Steli Efti: Couldn’t agree more. Let’s wrap this episode out with one last tip that I want to share with people. Because we know that our audience and a lot of our listeners, some of our listeners are running bigger startups already, all kinds of awesome listeners. But a lot of our listeners are early stage startups. But my one thing here is a recurring theme on the podcast, is don’t go crazy on this shit. Don’t let FOMO, Fear Of Missing Out and anxiety drive your decision making. If you’re doing marketing, and if you’re just in the early days, and you’re just focused on getting early traction, getting the first 10, 100, 1000 customers. If you have an email list or you want to take a look and ask yourself, can we do something cool that takes accounts into consideration, please, for the love of God, do it. But if you’re not there yet, don’t worry about this stuff. It’s not like you have to do it to succeed. 99.99% of all companies and all startups I know don’t do this, right?

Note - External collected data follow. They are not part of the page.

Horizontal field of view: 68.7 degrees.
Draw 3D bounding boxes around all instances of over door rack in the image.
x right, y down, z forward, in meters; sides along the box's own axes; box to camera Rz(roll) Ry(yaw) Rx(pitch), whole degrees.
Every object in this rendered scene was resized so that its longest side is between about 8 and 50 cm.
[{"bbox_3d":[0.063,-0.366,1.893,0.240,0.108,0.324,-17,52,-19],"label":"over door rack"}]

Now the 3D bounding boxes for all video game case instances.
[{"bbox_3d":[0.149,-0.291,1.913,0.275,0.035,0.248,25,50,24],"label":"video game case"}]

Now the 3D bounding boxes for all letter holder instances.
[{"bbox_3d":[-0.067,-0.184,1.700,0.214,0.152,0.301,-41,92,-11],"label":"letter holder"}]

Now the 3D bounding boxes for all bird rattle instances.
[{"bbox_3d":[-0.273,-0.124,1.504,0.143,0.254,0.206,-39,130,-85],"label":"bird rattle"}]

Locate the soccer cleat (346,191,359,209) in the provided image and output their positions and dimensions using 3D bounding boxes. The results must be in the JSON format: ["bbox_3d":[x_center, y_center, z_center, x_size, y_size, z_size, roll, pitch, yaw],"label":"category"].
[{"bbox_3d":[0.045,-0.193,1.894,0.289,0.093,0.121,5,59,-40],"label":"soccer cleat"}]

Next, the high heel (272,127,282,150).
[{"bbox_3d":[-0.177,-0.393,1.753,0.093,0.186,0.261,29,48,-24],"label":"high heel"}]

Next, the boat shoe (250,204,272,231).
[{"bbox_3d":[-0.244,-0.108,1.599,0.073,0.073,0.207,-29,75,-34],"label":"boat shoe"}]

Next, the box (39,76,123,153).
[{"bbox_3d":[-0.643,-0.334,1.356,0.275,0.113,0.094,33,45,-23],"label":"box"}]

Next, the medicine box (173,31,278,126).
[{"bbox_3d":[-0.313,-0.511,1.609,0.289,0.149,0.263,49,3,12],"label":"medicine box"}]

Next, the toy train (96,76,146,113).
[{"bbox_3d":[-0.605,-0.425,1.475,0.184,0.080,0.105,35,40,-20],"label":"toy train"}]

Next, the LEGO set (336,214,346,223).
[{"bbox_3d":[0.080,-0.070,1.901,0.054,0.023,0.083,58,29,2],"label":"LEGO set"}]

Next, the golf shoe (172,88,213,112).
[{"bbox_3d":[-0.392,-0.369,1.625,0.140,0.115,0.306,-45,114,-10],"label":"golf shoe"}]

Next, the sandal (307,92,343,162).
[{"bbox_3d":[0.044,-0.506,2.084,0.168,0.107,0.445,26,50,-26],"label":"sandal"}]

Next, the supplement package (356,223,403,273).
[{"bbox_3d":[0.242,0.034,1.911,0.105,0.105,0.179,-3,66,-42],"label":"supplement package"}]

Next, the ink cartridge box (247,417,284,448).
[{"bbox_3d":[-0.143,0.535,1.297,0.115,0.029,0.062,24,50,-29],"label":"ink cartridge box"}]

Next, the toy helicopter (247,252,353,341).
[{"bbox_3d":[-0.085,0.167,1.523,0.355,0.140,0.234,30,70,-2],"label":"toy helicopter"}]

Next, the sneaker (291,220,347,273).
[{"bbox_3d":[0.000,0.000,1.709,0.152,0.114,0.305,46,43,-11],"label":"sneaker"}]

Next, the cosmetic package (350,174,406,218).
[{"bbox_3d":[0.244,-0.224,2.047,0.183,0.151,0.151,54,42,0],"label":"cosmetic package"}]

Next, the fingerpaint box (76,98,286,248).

Most of them have succeeded despite not doing it. It’s not a must have. A lot of times we read these new terms. Because there’s a lot of writing, and a lot of hype and buzz around them, we think, especially early stage startup founders think, “If I don’t do this, we cannot succeed.” It’s just not true, right? Often times it’s also … Come on. You guys, you’re two months in, you have three paying customers, you’re like an email list of 800. Don’t worry about Account Based Marketing so much. Do try to come up with some kind of a crazy landing page of customized based on IPs or businesses that visit your site. People go nuts on things that just don’t matter. If you can do it, do it. Think long term. That is the direction the world is moving to. I agree with you Hiten, I am squarely in favor of that. I think that just makes businesses communicating to other businesses, doesn’t matter of it’s marketing or sales, better. But don’t stress yourself out as well. Don’t think that that’s the number one priority in your three-week old startup. It most likely isn’t.

 

[0:13:52]

Hiten Shah: Yeah. I couldn’t agree more. Good tip.

 

[0:13:54]

Steli Efti: All right. That’s it from us for this episode. We’ll hear you very soon.